TWENTY TOYS YOU DON'T HAVE TO BUY
Fed
up with forking out for the latest piece of over-hyped plastic? Answer "What
can we do now Mum?" by making toys from items you will already have around the
house.
- Shops.
Save all your empty grocery cartons for a week or so and you'll soon have
a shop any aspiring grocer would be proud of. Gluing down the flaps makes
cereal boxes, jelly packets etc. look unopened. Clothes, shoes, and toys can
all be used as "stock". Paper bags and real or play money add to the fun.
- Paper
balls. When the kids keep arguing suggest that they throw something at each
other!

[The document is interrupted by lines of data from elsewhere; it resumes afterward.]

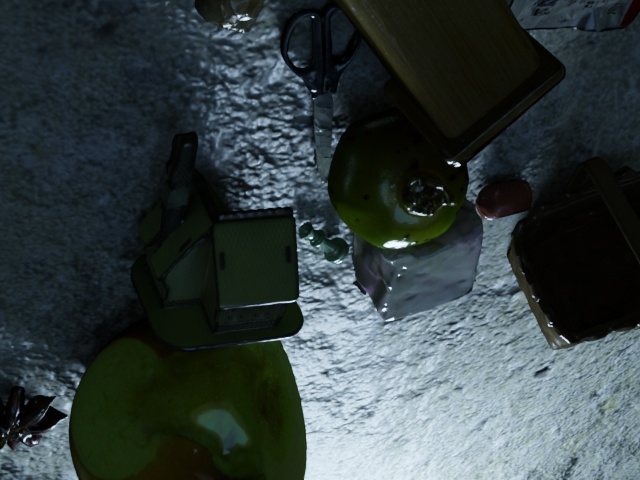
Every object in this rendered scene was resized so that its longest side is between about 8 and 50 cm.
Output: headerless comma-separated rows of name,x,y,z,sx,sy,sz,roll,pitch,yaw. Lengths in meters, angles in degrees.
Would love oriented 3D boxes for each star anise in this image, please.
star anise,-0.475,0.278,1.671,0.167,0.057,0.168,-17,141,-14

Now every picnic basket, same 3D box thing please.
picnic basket,0.461,0.022,1.726,0.291,0.254,0.321,-23,164,-5

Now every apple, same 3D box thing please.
apple,-0.189,0.298,1.624,0.374,0.374,0.384,-2,134,-28

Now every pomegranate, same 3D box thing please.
pomegranate,0.100,-0.083,1.458,0.198,0.198,0.246,-40,178,17

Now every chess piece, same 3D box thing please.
chess piece,0.000,0.000,1.643,0.042,0.042,0.093,-41,133,18

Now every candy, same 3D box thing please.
candy,0.141,0.015,1.660,0.184,0.137,0.195,-15,142,-14

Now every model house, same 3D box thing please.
model house,-0.119,-0.020,1.442,0.218,0.205,0.279,-5,130,-26

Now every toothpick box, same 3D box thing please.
toothpick box,0.122,-0.272,1.281,0.187,0.190,0.308,-39,136,6

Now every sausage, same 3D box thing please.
sausage,0.288,-0.066,1.714,0.094,0.059,0.054,-14,97,-15

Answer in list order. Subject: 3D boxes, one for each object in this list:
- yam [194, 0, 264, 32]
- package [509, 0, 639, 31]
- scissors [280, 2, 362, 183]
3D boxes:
yam,-0.036,-0.379,1.162,0.081,0.081,0.357,6,130,-35
package,0.356,-0.343,1.458,0.239,0.030,0.154,-6,137,-24
scissors,0.004,-0.186,1.443,0.109,0.022,0.300,-16,140,-13
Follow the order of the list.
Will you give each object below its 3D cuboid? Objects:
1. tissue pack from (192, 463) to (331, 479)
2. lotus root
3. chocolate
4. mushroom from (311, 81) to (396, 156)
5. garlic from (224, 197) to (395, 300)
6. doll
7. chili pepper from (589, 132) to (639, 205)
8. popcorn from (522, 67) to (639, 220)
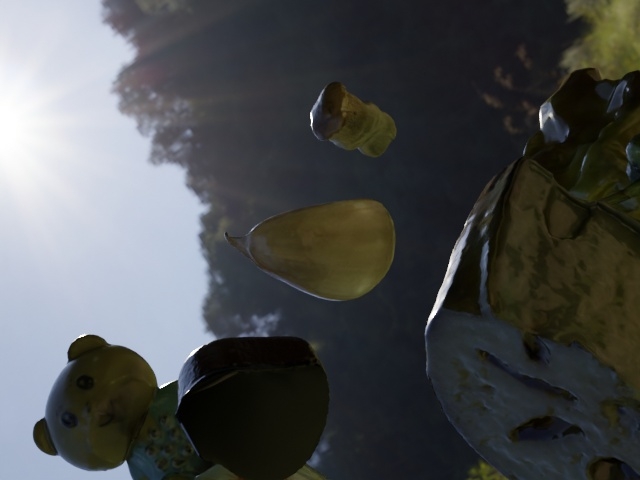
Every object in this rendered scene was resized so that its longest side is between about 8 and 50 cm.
[{"bbox_3d":[0.010,0.403,1.289,0.388,0.162,0.287,32,-167,14],"label":"tissue pack"},{"bbox_3d":[0.160,0.073,0.586,0.235,0.138,0.119,30,-129,12],"label":"lotus root"},{"bbox_3d":[-0.060,0.125,0.981,0.148,0.125,0.080,35,-169,-35],"label":"chocolate"},{"bbox_3d":[0.042,-0.128,1.259,0.054,0.059,0.202,43,-168,17],"label":"mushroom"},{"bbox_3d":[0.005,0.004,1.602,0.245,0.145,0.164,-4,-160,-42],"label":"garlic"},{"bbox_3d":[-0.251,0.249,1.579,0.260,0.177,0.161,21,176,2],"label":"doll"},{"bbox_3d":[0.259,-0.061,0.767,0.072,0.204,0.073,-98,-18,-45],"label":"chili pepper"},{"bbox_3d":[0.261,-0.037,0.946,0.237,0.206,0.251,-19,-117,-41],"label":"popcorn"}]
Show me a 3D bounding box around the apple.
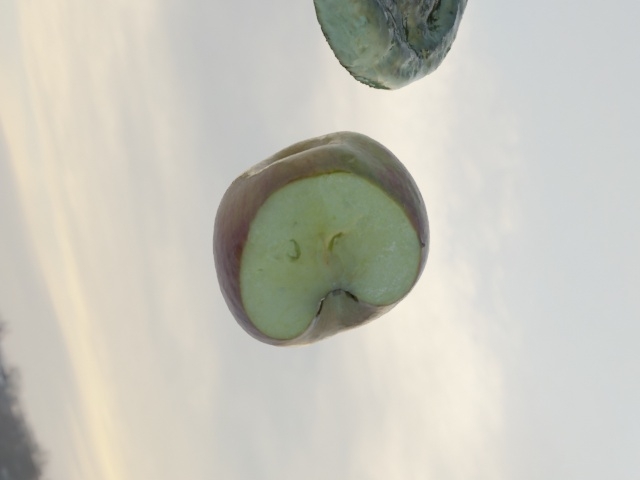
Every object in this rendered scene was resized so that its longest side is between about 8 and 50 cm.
[{"bbox_3d":[0.000,0.000,1.312,0.160,0.195,0.173,-98,167,-83],"label":"apple"}]

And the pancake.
[{"bbox_3d":[0.052,-0.224,1.039,0.037,0.253,0.254,-1,-68,27],"label":"pancake"}]

Paper balls are easily scrunched up from torn out magazine pages to
make "ammunition". When it's time to tidy up, stand the waste paper basket
in the middle of the room and see who can throw the most in. A rolled up magazine
makes a good "bat" too.
- Doctors/Nurses.
A roll of white toilet tissue makes this game much more fun as Dads, Grans,
teddies or dolls are mummified before your eyes. Plastic medicine spoons and
cardboard box hospital beds for toys are extra props that make the game last
longer.
- Tubes.
Cardboard tubes from kitchen roll or foil make instant telescopes for sailors
or pirates, or tunnels to roll marbles through. Babies love to watch things
disappear then reappear out of the bottom. Don't leave them alone with the
cardboard tube though as they will probably suck it.
- Cardboard
boxes must be about the best free toys you can get hold of. Push in the ends
of large ones to make tunnels and caves to crawl through. Draw on windows
and doors with felt tip pens to make a house, add a flag and portholes for
a boat or paper plates and a steering wheel for a car.
- Miniature
gardens. The foil trays that pies and prepared foods arrive in make lovely
containers for miniature gardens. The children can enjoy hunting around the
park or garden for twigs to make trees, moss for a lawn, stones to arrange
as a rockery or a waterfall. Keep twigs or stones where you want them with
a little blue tack or plasticine. Add toy people or animals and maybe a little
water if the container is watertight. This can be a very creative and enjoyable
exercise if you have children of very different age groups to entertain. A
variation is to use play sand (not builder's sand - it stains everything yellow)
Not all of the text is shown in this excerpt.